Über Felder und Strände
Im Sommer 1847 brechen sie auf, die Bretagne zu Fuß zu entdecken: Gustave Flaubert und sein Freund Maxime du Camp fangen ihre Wanderung im Süden an, halten sich meist an die Küste und gehen »Über Felder und Strände« – so der Titel ihrer jetzt erstmals vollständig auf Deutsch veröffentlichten gemeinsamen Reiseberichte. Sie sind Mitte Zwanzig, haben erste literarische Arbeiten verfasst und eine glänzende Zukunft vor sich. Im Schatten von »Madame Bovary« oder der »Éducation sentimentale« sind die Reiseberichte aus der Bretagne in Deutschland lange links liegen gelassen worden – zu Unrecht! Welcher Reichtum erschließt sich aus den Beobachtungen der Freunde, welch schöne Impressionen vermitteln sich dem Leser, wie viel Geschichte und Kultur, wie viele Menschen lernt der Leser kennen!
Drei Monate sind sie unterwegs.
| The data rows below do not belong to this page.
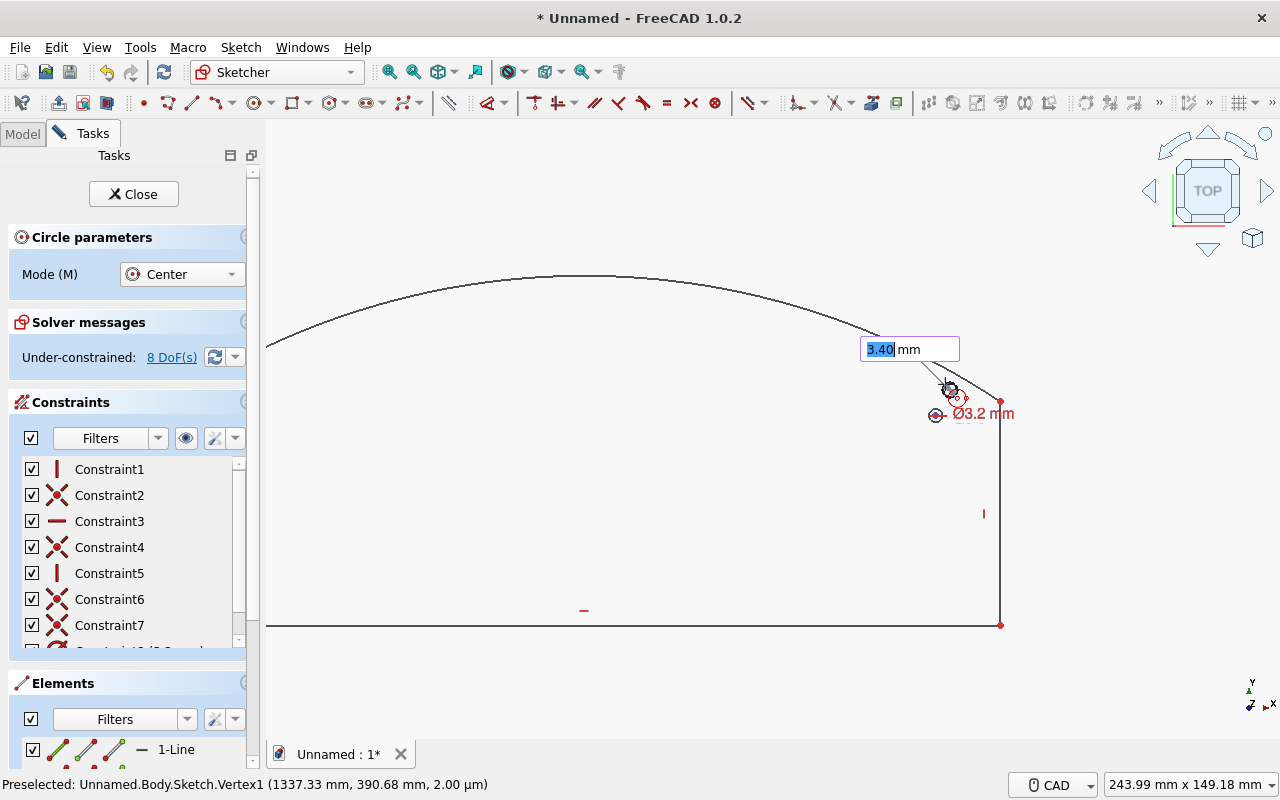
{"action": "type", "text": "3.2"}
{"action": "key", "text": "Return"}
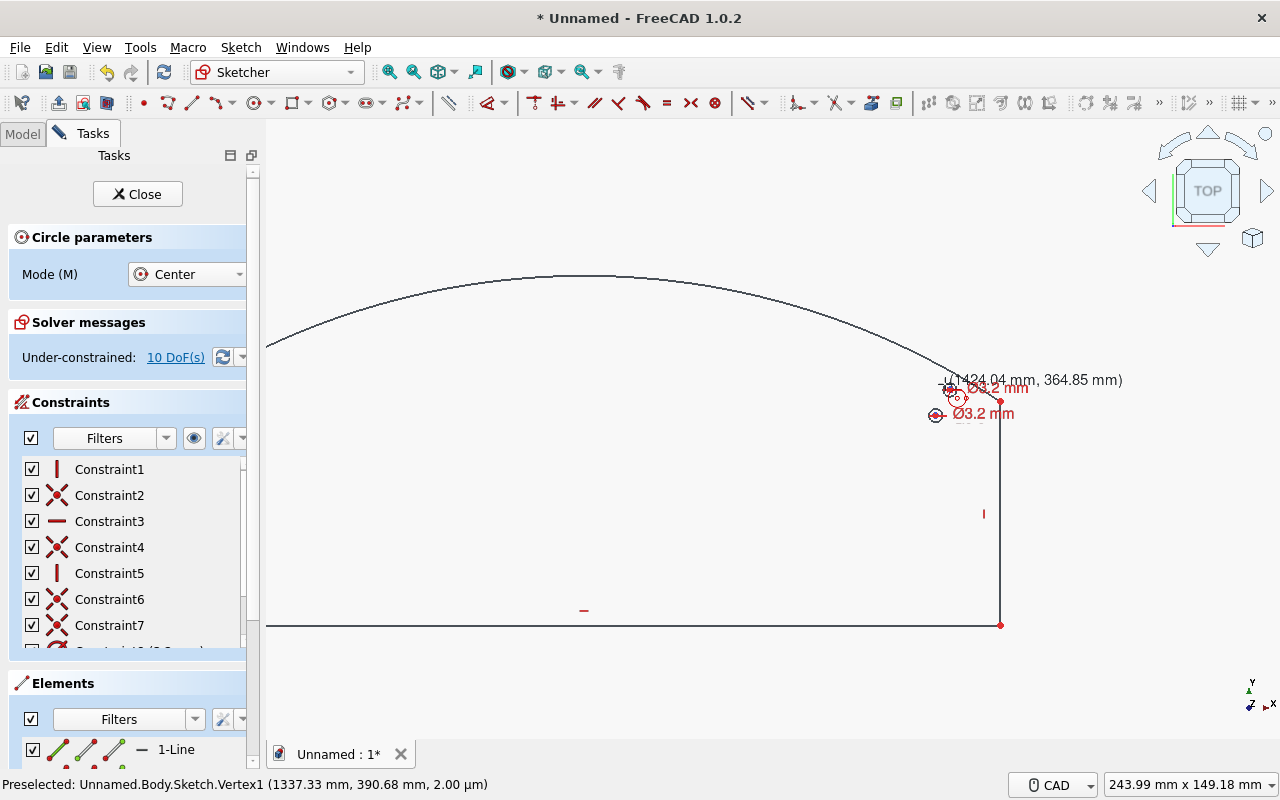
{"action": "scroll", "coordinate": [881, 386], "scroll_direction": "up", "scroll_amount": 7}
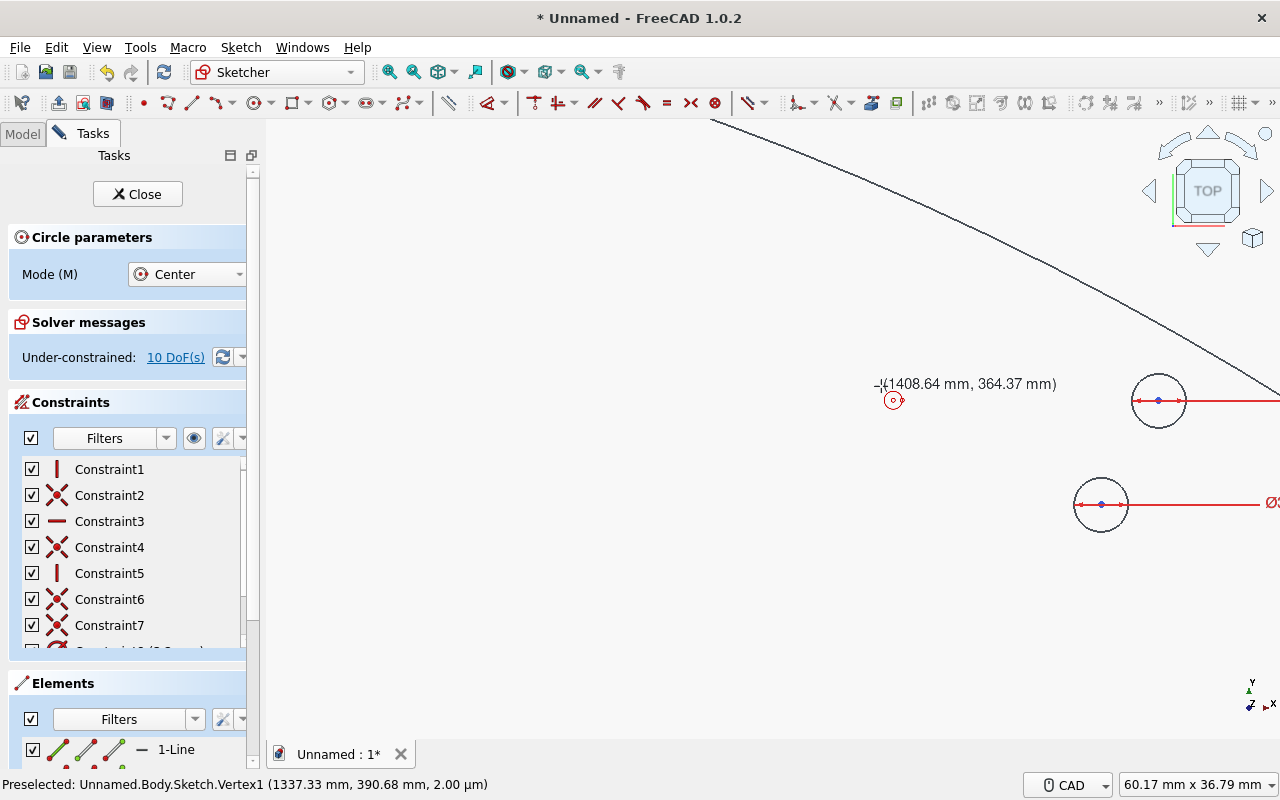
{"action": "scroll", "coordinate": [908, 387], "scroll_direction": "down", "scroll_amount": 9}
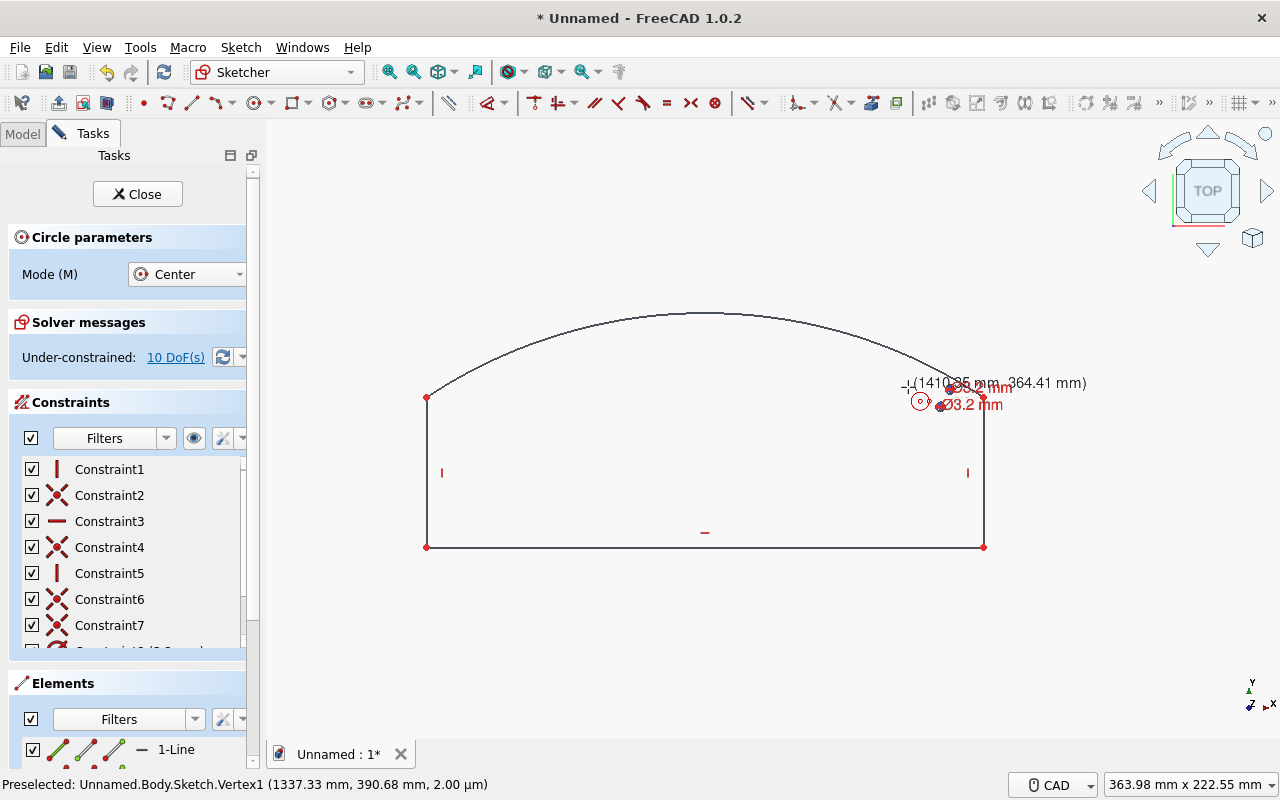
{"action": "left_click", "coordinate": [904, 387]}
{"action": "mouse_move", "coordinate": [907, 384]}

So »unerhört« es auch für die Arbeitenden auf den Feldern gewesen sein mag, zwei Müßiggänger spazieren zu sehen, so literarisch setzten die beiden ihre in vollen Zügen genossene Freiheit um. Dabei sparen sie nicht mit Kritik. Manche Herberge ist eigentlich unbewohnbar, manches Essen nicht genießbar und manche Kirche einfach hässlich.
Doch die Natur ist – hier bei Saint-Malo – überwältigend und inspiriert zur schönsten gesungenen Prosa: »Der Himmel war rosig, das Meer still und der Wind eingeschlafen. Nicht eine Falte kräuselte die reglose Fläche des Ozeans, welche die untergehende Sonne mit ihrem Gold überschüttete; bläulich nur an den Seiten und dort gleichsam im Nebel verdunstend, war das Meer sonst überall rot und noch feuriger hinten am Horizont, wo sich, so weit man sehen konnte, ein langer Purpurstreifen erstreckte.« Selbst für die »Tugendhaftigkeit« der bretonischen Mädchen haben die Wanderer ein Ohr, wenn ein Lehrer und ein Gastwirt in der Schenke »einhellig erklären, dass die bretonischen jungen Mädchen gerne hinter den Hecken und auf den Strohballen Gott Amor ihr Opfer brächten«.
Neun Jahre später hat Du Camp seine Zeit als Revolutionär von 1848 hinter sich und wird in der von ihm herausgegebenen Zeitschrift »La Revue de Paris« Flauberts »Madame Bovary« veröffentlichen und den Staatsanwalt wegen »Verherrlichung des Ehebruchs« auf den Plan rufen. Die Weltliteratur ist um eines ihrer großen Werke bereichert. Die literarische Kraft dazu hatte Flaubert auf seinen Wanderungen in der Bretagne geschöpft.